For the past three decades, British biologist Rupert Sheldrake has been asking questions that most scientists either haven't thought of asking, or may be discouraged from asking by the unwritten codes that often prevail in our scientific and academic institutions. He thinks there are many other scientists “... who have spiritual interests, psychic experiences and so forth, that don't or can't talk about them to their colleagues. If they do so, they'll find that many of their colleagues share these interests and that the conversation in the laboratory tea room would become so much more interesting than it is at present." Join us for this talk, sponsored by the California Institute of Integral Studies in San Francisco in 2012, in which Dr. Sheldrake introduces his book, Science Set Free, and addresses some of the constricting dogmas and assumptions of modern science, turning them into open questions that can be tested scientifically, rather than being accepted on faith alone. (hosted by Daniel Drasin)

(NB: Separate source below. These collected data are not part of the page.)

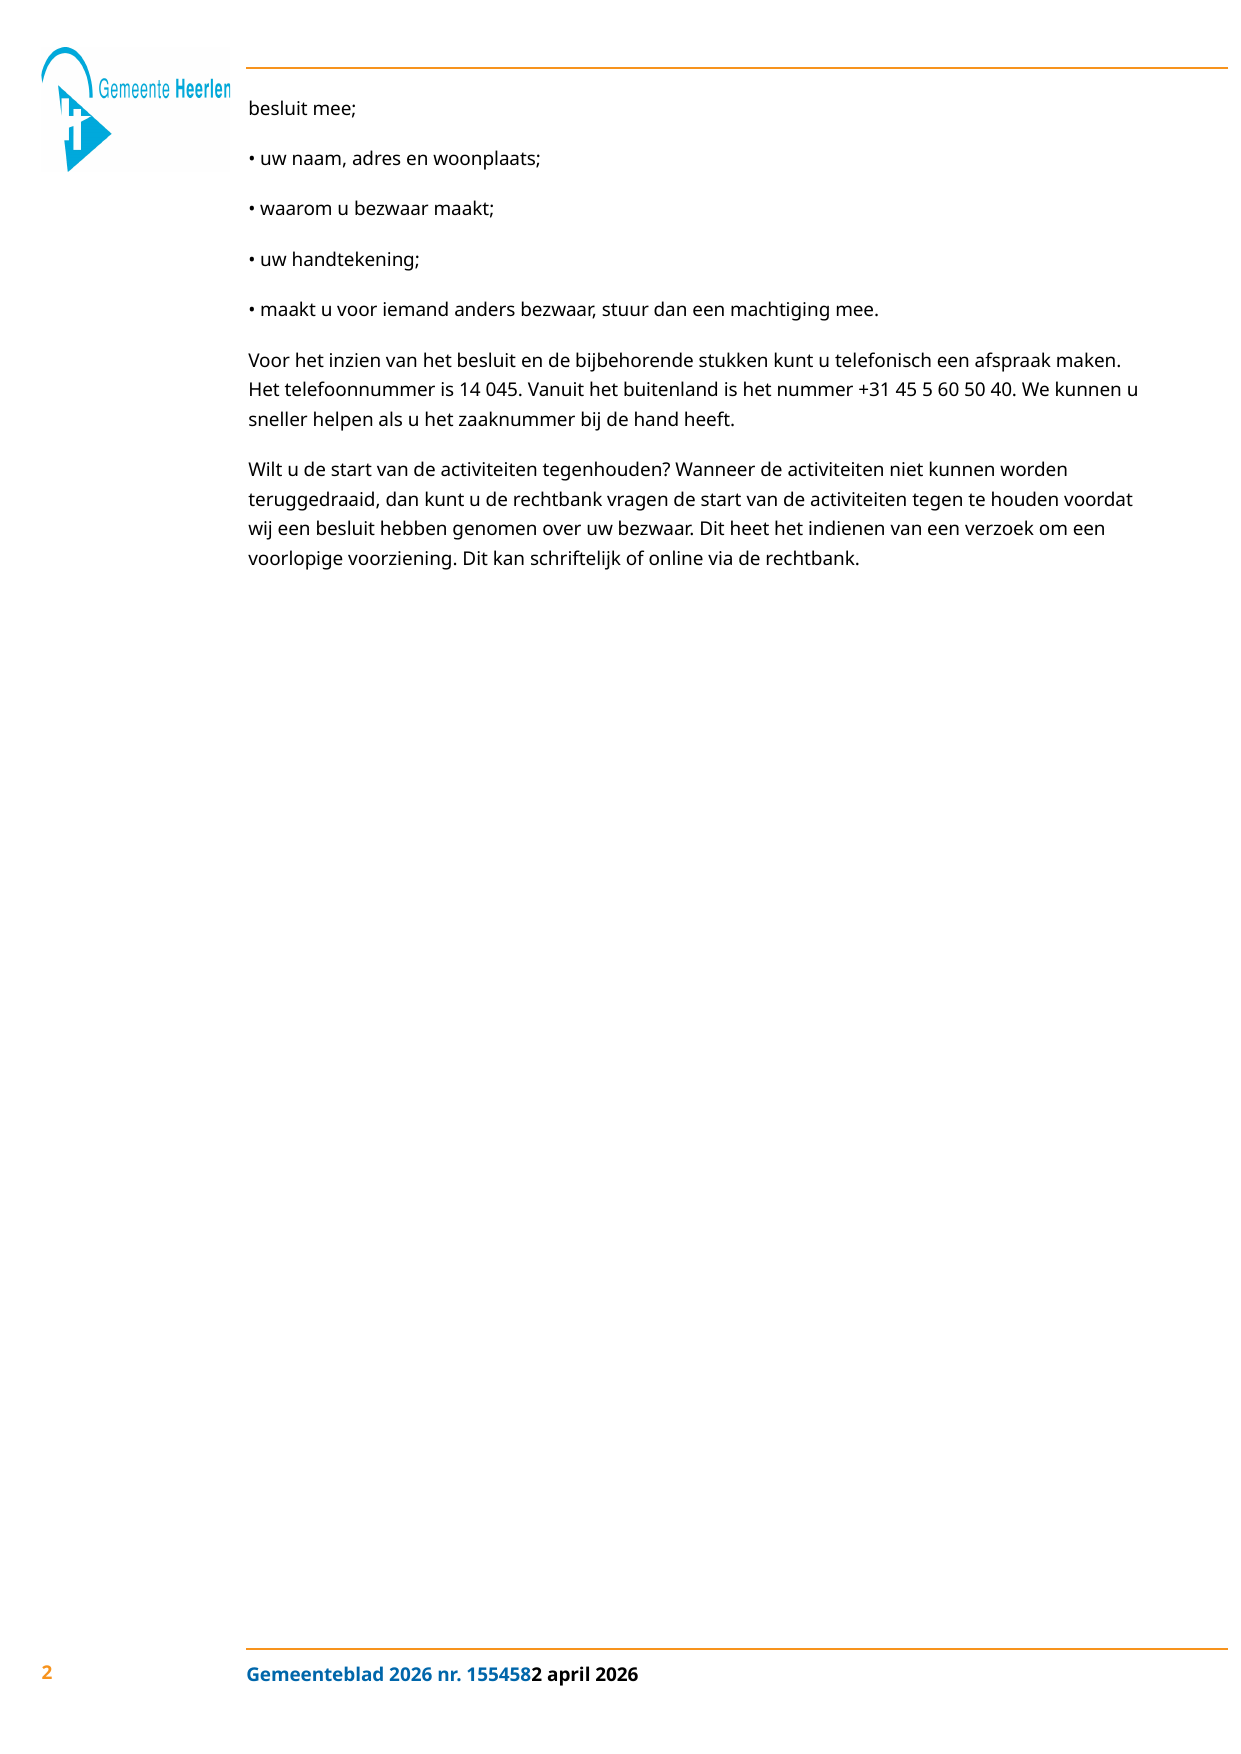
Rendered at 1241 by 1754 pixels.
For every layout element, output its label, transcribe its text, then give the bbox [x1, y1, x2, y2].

picture [41, 47, 231, 172]
text besluit mee; [248, 95, 1152, 121]
text • maakt u voor iemand anders bezwaar, stuur dan een machtiging mee. [248, 296, 1152, 322]
text Voor het inzien van het besluit en de bijbehorende stukken kunt u telefonisch een afspraak maken. Het telefoonnummer is 14 045. Vanuit het buitenland is het nummer +31 45 5 60 50 40. We kunnen u sneller helpen als u het zaaknummer bij de hand heeft. [248, 347, 1152, 432]
text • uw naam, adres en woonplaats; [248, 145, 1152, 171]
text • waarom u bezwaar maakt; [248, 196, 1152, 221]
picture [41, 47, 59, 70]
text • uw handtekening; [248, 246, 1152, 272]
text Wilt u de start van de activiteiten tegenhouden? Wanneer de activiteiten niet kunnen worden teruggedraaid, dan kunt u de rechtbank vragen de start van de activiteiten tegen te houden voordat wij een besluit hebben genomen over uw bezwaar. Dit heet het indienen van een verzoek om een voorlopige voorziening. Dit kan schriftelijk of online via de rechtbank. [248, 456, 1152, 571]
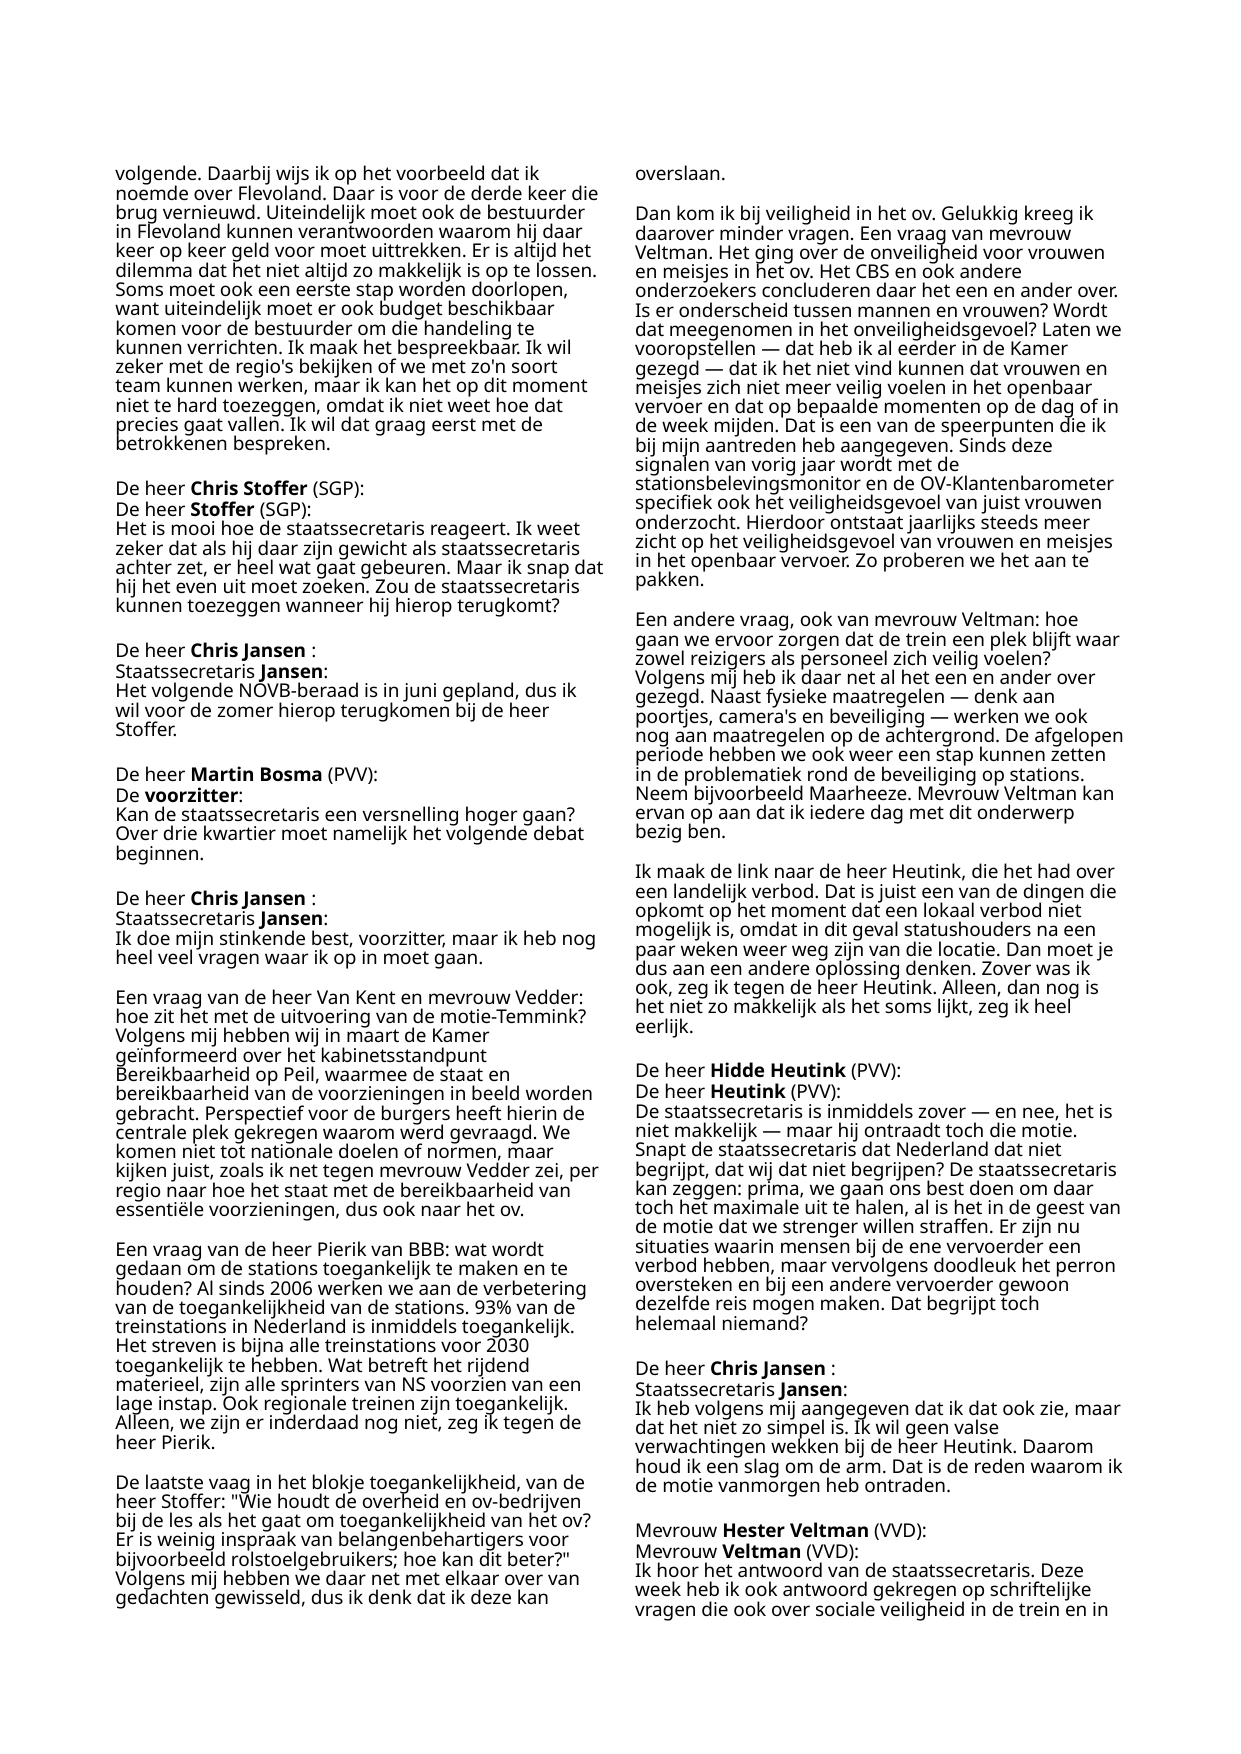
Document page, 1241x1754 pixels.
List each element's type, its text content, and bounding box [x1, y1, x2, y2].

text De voorzitter: [115, 787, 605, 806]
text De heer Stoffer (SGP): [115, 501, 605, 520]
text Kan de staatssecretaris een versnelling hoger gaan? Over drie kwartier moet namelijk het volgende debat beginnen. [115, 806, 605, 864]
text Ik hoor het antwoord van de staatssecretaris. Deze week heb ik ook antwoord gekregen op schriftelijke vragen die ook over sociale veiligheid in de trein en in [635, 1562, 1125, 1620]
text Ik maak de link naar de heer Heutink, die het had over een landelijk verbod. Dat is juist een van de dingen die opkomt op het moment dat een lokaal verbod niet mogelijk is, omdat in dit geval statushouders na een paar weken weer weg zijn van die locatie. Dan moet je dus aan een andere oplossing denken. Zover was ik ook, zeg ik tegen de heer Heutink. Alleen, dan nog is het niet zo makkelijk als het soms lijkt, zeg ik heel eerlijk. [635, 863, 1125, 1037]
text Mevrouw Hester Veltman (VVD): [635, 1517, 1125, 1543]
text Ik doe mijn stinkende best, voorzitter, maar ik heb nog heel veel vragen waar ik op in moet gaan. [115, 930, 605, 968]
text De heer Chris Jansen : [115, 637, 605, 663]
text De laatste vaag in het blokje toegankelijkheid, van de heer Stoffer: "Wie houdt de overheid en ov-bedrijven bij de les als het gaat om toegankelijkheid van het ov? Er is weinig inspraak van belangenbehartigers voor bijvoorbeeld rolstoelgebruikers; hoe kan dit beter?" Volgens mij hebben we daar net met elkaar over van gedachten gewisseld, dus ik denk dat ik deze kan [115, 1474, 605, 1608]
text overslaan. [635, 165, 1125, 184]
text De heer Hidde Heutink (PVV): [635, 1058, 1125, 1083]
text Een vraag van de heer Van Kent en mevrouw Vedder: hoe zit het met de uitvoering van de motie-Temmink? Volgens mij hebben wij in maart de Kamer geïnformeerd over het kabinetsstandpunt Bereikbaarheid op Peil, waarmee de staat en bereikbaarheid van de voorzieningen in beeld worden gebracht. Perspectief voor de burgers heeft hierin de centrale plek gekregen waarom werd gevraagd. We komen niet tot nationale doelen of normen, maar kijken juist, zoals ik net tegen mevrouw Vedder zei, per regio naar hoe het staat met de bereikbaarheid van essentiële voorzieningen, dus ook naar het ov. [115, 989, 605, 1220]
text Ik heb volgens mij aangegeven dat ik dat ook zie, maar dat het niet zo simpel is. Ik wil geen valse verwachtingen wekken bij de heer Heutink. Daarom houd ik een slag om de arm. Dat is de reden waarom ik de motie vanmorgen heb ontraden. [635, 1400, 1125, 1496]
text Het is mooi hoe de staatssecretaris reageert. Ik weet zeker dat als hij daar zijn gewicht als staatssecretaris achter zet, er heel wat gaat gebeuren. Maar ik snap dat hij het even uit moet zoeken. Zou de staatssecretaris kunnen toezeggen wanneer hij hierop terugkomt? [115, 520, 605, 617]
text Een vraag van de heer Pierik van BBB: wat wordt gedaan om de stations toegankelijk te maken en te houden? Al sinds 2006 werken we aan de verbetering van de toegankelijkheid van de stations. 93% van de treinstations in Nederland is inmiddels toegankelijk. Het streven is bijna alle treinstations voor 2030 toegankelijk te hebben. Wat betreft het rijdend materieel, zijn alle sprinters van NS voorzien van een lage instap. Ook regionale treinen zijn toegankelijk. Alleen, we zijn er inderdaad nog niet, zeg ik tegen de heer Pierik. [115, 1241, 605, 1453]
text Dan kom ik bij veiligheid in het ov. Gelukkig kreeg ik daarover minder vragen. Een vraag van mevrouw Veltman. Het ging over de onveiligheid voor vrouwen en meisjes in het ov. Het CBS en ook andere onderzoekers concluderen daar het een en ander over. Is er onderscheid tussen mannen en vrouwen? Wordt dat meegenomen in het onveiligheidsgevoel? Laten we vooropstellen — dat heb ik al eerder in de Kamer gezegd — dat ik het niet vind kunnen dat vrouwen en meisjes zich niet meer veilig voelen in het openbaar vervoer en dat op bepaalde momenten op de dag of in de week mijden. Dat is een van de speerpunten die ik bij mijn aantreden heb aangegeven. Sinds deze signalen van vorig jaar wordt met de stationsbelevingsmonitor en de OV-Klantenbarometer specifiek ook het veiligheidsgevoel van juist vrouwen onderzocht. Hierdoor ontstaat jaarlijks steeds meer zicht op het veiligheidsgevoel van vrouwen en meisjes in het openbaar vervoer. Zo proberen we het aan te pakken. [635, 205, 1125, 591]
text Staatssecretaris Jansen: [115, 663, 605, 682]
text De staatssecretaris is inmiddels zover — en nee, het is niet makkelijk — maar hij ontraadt toch die motie. Snapt de staatssecretaris dat Nederland dat niet begrijpt, dat wij dat niet begrijpen? De staatssecretaris kan zeggen: prima, we gaan ons best doen om daar toch het maximale uit te halen, al is het in de geest van de motie dat we strenger willen straffen. Er zijn nu situaties waarin mensen bij de ene vervoerder een verbod hebben, maar vervolgens doodleuk het perron oversteken en bij een andere vervoerder gewoon dezelfde reis mogen maken. Dat begrijpt toch helemaal niemand? [635, 1103, 1125, 1334]
text Staatssecretaris Jansen: [635, 1381, 1125, 1400]
text De heer Heutink (PVV): [635, 1083, 1125, 1103]
text De heer Chris Jansen : [635, 1355, 1125, 1381]
text De heer Chris Jansen : [115, 885, 605, 910]
text volgende. Daarbij wijs ik op het voorbeeld dat ik noemde over Flevoland. Daar is voor de derde keer die brug vernieuwd. Uiteindelijk moet ook de bestuurder in Flevoland kunnen verantwoorden waarom hij daar keer op keer geld voor moet uittrekken. Er is altijd het dilemma dat het niet altijd zo makkelijk is op te lossen. Soms moet ook een eerste stap worden doorlopen, want uiteindelijk moet er ook budget beschikbaar komen voor de bestuurder om die handeling te kunnen verrichten. Ik maak het bespreekbaar. Ik wil zeker met de regio's bekijken of we met zo'n soort team kunnen werken, maar ik kan het op dit moment niet te hard toezeggen, omdat ik niet weet hoe dat precies gaat vallen. Ik wil dat graag eerst met de betrokkenen bespreken. [115, 165, 605, 454]
text Het volgende NOVB-beraad is in juni gepland, dus ik wil voor de zomer hierop terugkomen bij de heer Stoffer. [115, 682, 605, 740]
text De heer Martin Bosma (PVV): [115, 761, 605, 787]
text Een andere vraag, ook van mevrouw Veltman: hoe gaan we ervoor zorgen dat de trein een plek blijft waar zowel reizigers als personeel zich veilig voelen? Volgens mij heb ik daar net al het een en ander over gezegd. Naast fysieke maatregelen — denk aan poortjes, camera's en beveiliging — werken we ook nog aan maatregelen op de achtergrond. De afgelopen periode hebben we ook weer een stap kunnen zetten in de problematiek rond de beveiliging op stations. Neem bijvoorbeeld Maarheeze. Mevrouw Veltman kan ervan op aan dat ik iedere dag met dit onderwerp bezig ben. [635, 611, 1125, 843]
text Mevrouw Veltman (VVD): [635, 1543, 1125, 1562]
text De heer Chris Stoffer (SGP): [115, 475, 605, 501]
text Staatssecretaris Jansen: [115, 910, 605, 930]

Rupert Sheldrake studied natural sciences at Cambridge and philosophy at Harvard, took a Ph.D. in biochemistry at Cambridge and is the author of more than eighty scientific papers. Dr. Sheldrake is perhaps best known for his morphic field theory, which takes a fresh look at memory, habit, instinct and heredity as well as phenomena such as telepathy - aspects of human experience that are unexplained in terms of current physics. He is the author of several books including A New Science of Life: The Hypothesis of Formative Causation (J.P. Tarcher 1995), Dogs That Know When Their Owners Are Coming Home: And Other Unexplained Powers of Animals (Three Rivers Press 2001) and Science Set Free (Deepak Chopra Books, 2012), also published in the UK as The Science Delusion (Coronet 2012)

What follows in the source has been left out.